4.3. Fixing /etc/fstab
The /etc/fstab file typically lists all available disk partitions to be automatically mounted at boot time. After the cloning, we have to manually edit /etc/fstab to update the partitions’ UUIDs, which we can get using GParted or blkid. Generally, this is sufficient unless we need to add or remove partitions from the list, or change the file system types, to match the new configuration.
Let’s remember that the boot partition must have the boot flag. If it’s missing, we can add it with GParted.
4.4. Restoring Grub
Whatever the operating systems we cloned, the easiest way to restore Grub is boot-repair, a graphical tool available on live CDs/DVDs. It’s a one-click approach that works fine. We have just to click on the “Recommended repair” button. If the repair is unsuccessful, the software provides a detailed log and instructions for asking for help.

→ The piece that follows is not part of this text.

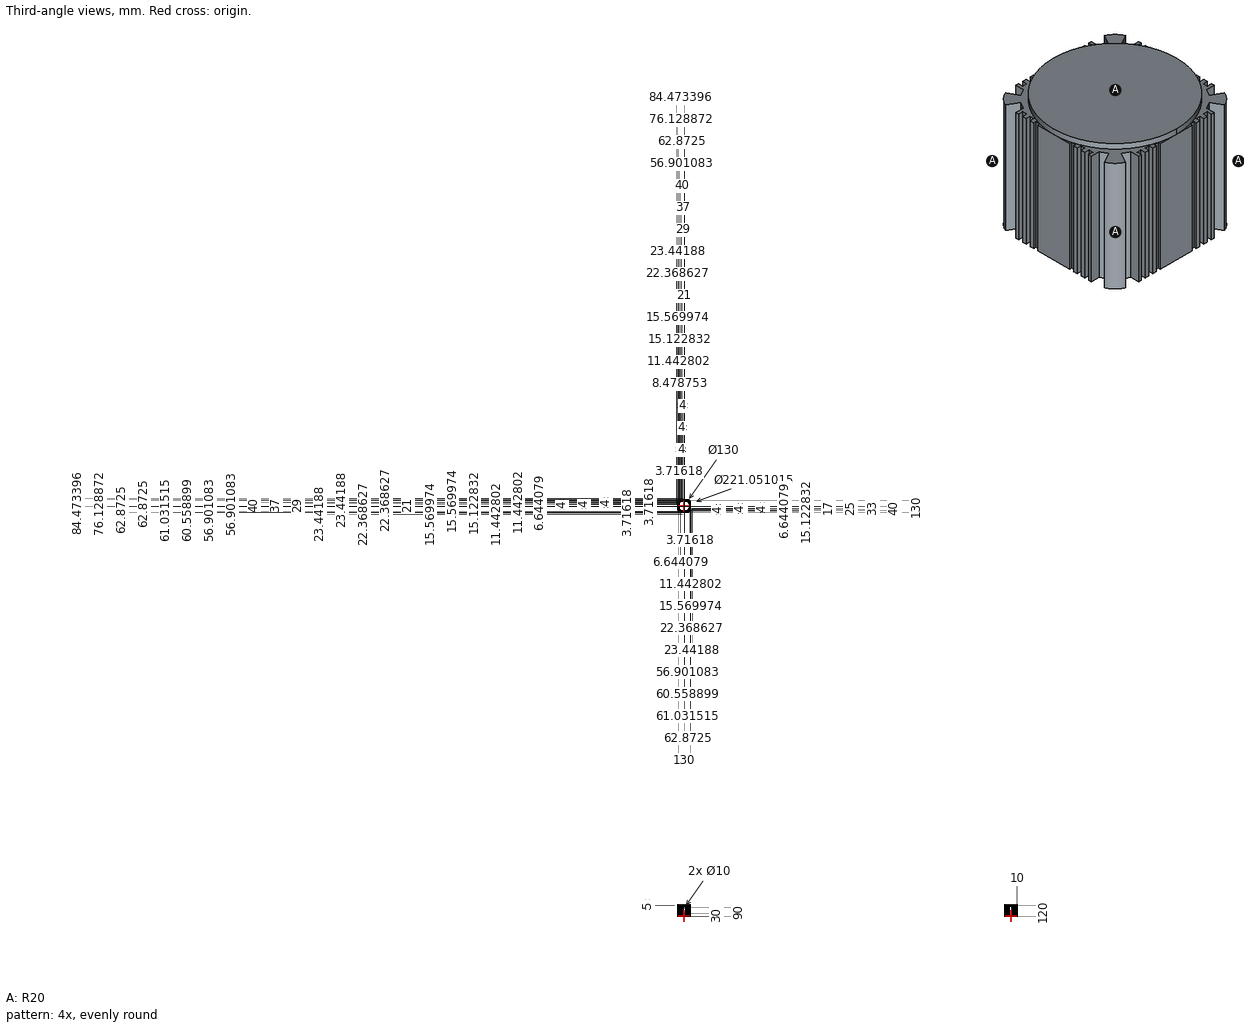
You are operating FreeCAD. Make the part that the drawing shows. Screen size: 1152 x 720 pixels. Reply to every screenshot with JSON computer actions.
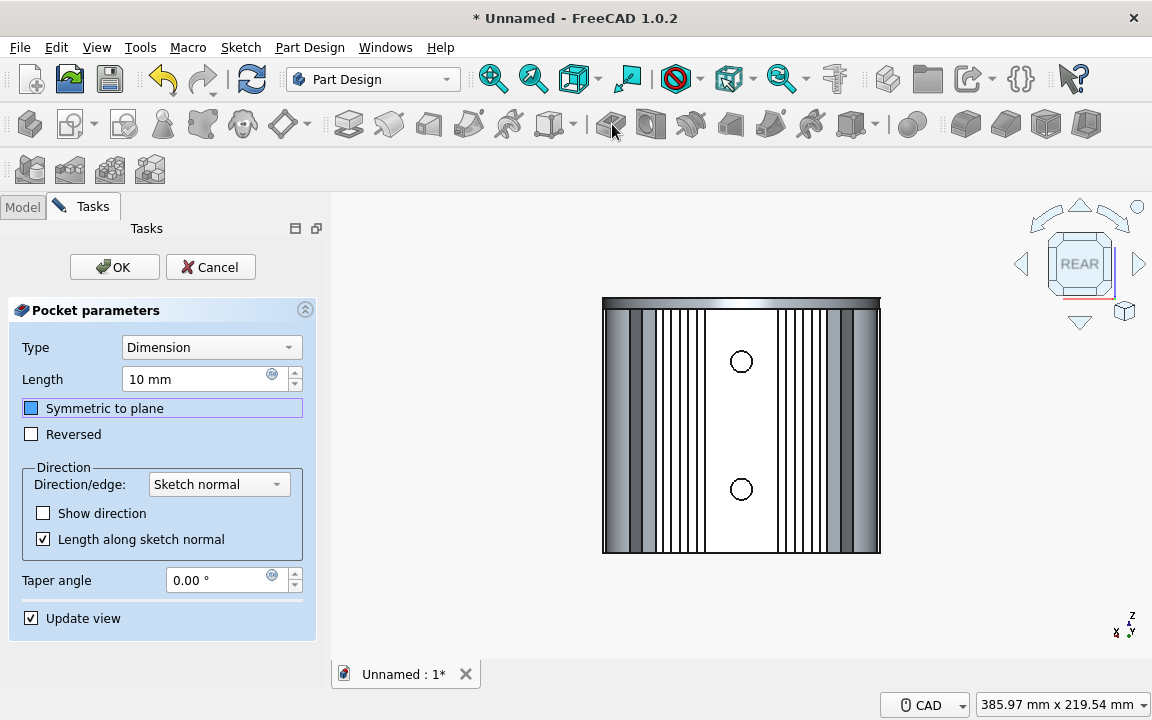
{"action": "left_click", "coordinate": [115, 267]}

After the restore, we may want to change the default options, like removing the “quiet splash” options that are not useful in a server environment. We can manually edit the /etc/default/grub file in this case. After that, let’s remember to run update-grub to save the changes permanently.
5. Conclusion
In this tutorial, we’ve introduced the basic concepts of cloning and all the essential things to keep in mind. We’ve seen the best rsync parameters to perform file-level cloning.
Finally, we took care of editing /etc/fstab and restoring Grub to make the cloned operating system bootable and working.